That produced 233 recommendations across 219 distinct tools. We then retrieved the cited pages directly and analyzed each for freshness and structure. The study measures one surface and one query type on purpose: ChatGPT, on vendor-discovery questions, the most commercially important moment in a B2B software buyer's journey.
The citation ownership gap
The citation ownership gap is the difference between how often AI recommends a brand and how often it cites that brand's own website as the source. In this study, that gap is wide.
Most software marketers assume that if AI is recommending them, AI must be reading and crediting their content. The data says otherwise. The recommendation and the citation are two separate events. A buyer can read that your product is a strong choice, click the source link beside it, and land on a review site, a competitor's comparison post, or a Reddit thread, never on your own pages.

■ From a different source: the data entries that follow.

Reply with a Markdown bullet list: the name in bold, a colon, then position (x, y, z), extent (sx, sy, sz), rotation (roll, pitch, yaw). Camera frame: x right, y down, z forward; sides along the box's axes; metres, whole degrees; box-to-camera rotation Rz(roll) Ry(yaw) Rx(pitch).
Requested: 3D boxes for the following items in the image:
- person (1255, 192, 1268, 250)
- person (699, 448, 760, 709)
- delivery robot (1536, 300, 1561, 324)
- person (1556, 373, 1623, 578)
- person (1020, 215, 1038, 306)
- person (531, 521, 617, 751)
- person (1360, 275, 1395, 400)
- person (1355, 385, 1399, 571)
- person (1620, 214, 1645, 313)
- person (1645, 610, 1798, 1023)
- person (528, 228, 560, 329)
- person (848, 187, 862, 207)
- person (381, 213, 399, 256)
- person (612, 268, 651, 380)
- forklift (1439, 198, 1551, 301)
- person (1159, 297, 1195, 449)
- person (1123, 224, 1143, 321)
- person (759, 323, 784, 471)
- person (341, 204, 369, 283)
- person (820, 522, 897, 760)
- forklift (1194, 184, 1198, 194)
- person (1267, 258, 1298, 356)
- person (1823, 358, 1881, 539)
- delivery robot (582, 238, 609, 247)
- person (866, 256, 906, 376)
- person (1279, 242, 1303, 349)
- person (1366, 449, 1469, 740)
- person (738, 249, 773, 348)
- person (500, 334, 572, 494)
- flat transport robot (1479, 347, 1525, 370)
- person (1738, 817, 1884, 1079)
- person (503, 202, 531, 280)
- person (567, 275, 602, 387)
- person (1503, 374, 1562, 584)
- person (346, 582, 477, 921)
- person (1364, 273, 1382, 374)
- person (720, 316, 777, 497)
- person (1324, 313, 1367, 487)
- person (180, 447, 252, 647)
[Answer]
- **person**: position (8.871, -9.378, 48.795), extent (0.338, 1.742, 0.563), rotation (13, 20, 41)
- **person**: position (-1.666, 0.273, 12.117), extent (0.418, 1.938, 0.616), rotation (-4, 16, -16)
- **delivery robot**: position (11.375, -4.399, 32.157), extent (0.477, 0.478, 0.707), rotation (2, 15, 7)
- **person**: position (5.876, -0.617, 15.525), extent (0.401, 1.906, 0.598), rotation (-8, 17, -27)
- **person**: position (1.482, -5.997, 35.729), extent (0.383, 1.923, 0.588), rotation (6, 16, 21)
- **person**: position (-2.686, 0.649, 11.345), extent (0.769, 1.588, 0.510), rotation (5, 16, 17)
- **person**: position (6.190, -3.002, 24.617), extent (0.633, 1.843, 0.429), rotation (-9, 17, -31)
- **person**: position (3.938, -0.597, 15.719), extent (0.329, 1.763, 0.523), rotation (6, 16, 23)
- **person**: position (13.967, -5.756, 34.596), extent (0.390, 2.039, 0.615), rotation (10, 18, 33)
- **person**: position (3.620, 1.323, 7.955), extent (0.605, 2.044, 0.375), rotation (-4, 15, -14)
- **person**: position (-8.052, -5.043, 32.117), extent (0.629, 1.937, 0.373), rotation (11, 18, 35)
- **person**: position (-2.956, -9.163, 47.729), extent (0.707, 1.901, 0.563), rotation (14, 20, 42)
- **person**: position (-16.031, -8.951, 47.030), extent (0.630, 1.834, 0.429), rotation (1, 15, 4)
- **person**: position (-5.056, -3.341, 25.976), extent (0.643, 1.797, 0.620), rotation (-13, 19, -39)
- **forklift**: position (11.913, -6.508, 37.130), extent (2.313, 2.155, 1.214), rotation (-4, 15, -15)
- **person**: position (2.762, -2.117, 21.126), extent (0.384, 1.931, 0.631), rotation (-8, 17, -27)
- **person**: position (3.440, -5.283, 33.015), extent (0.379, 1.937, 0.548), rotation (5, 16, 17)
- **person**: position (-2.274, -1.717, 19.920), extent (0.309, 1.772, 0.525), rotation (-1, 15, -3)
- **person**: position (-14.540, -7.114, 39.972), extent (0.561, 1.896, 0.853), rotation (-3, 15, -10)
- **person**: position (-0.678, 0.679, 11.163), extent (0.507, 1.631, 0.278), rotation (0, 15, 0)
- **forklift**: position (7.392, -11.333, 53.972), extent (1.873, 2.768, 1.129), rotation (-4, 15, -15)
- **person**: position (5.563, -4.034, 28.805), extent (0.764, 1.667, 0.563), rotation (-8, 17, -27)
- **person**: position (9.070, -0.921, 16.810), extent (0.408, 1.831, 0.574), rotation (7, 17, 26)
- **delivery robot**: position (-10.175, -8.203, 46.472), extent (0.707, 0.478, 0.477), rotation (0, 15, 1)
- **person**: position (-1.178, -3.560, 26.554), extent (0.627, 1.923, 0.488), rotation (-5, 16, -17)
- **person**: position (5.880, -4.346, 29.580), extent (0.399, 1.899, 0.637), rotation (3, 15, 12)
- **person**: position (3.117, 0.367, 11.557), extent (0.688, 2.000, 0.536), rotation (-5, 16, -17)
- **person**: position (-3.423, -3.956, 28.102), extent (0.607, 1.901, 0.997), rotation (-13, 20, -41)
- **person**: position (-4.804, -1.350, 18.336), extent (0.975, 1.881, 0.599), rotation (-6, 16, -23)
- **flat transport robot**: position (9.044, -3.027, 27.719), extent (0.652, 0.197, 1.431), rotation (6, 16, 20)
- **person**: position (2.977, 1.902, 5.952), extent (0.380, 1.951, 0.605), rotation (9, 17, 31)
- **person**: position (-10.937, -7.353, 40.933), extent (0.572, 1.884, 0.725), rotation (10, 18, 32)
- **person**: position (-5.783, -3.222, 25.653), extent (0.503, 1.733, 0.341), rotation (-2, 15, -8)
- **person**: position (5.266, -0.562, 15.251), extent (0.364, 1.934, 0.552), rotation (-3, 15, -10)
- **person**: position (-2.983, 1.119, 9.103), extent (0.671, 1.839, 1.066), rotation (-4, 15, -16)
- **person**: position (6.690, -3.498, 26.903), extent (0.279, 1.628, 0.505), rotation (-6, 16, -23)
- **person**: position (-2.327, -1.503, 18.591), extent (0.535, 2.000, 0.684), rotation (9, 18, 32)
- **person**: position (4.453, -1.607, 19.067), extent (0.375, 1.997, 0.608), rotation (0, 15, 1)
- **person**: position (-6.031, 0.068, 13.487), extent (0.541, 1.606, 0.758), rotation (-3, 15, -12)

This matters because the citation is the part that drives the referral visit, the discovery, and the eventual pipeline. A recommendation with no link back to you is brand exposure you cannot measure and cannot convert. The vendor that owns the cited source captures the click, and today that vendor is usually not the one being recommended.
Getting named is easy. Being the source is the real contest.
ChatGPT attaches a citation to 92.3% of the tools it names. Only 7.7% of recommendations had no source at all. So the common goal teams set, "get cited by AI," is close to automatic and therefore the wrong target.
The strategic implication is a reframe. The question is not whether AI will cite a source when it recommends you. It will. The question is whether the cited source is yours or a stranger's. Right now it is almost always a stranger's, which means the entire game is about controlling the page that earns the citation rather than chasing the mention itself.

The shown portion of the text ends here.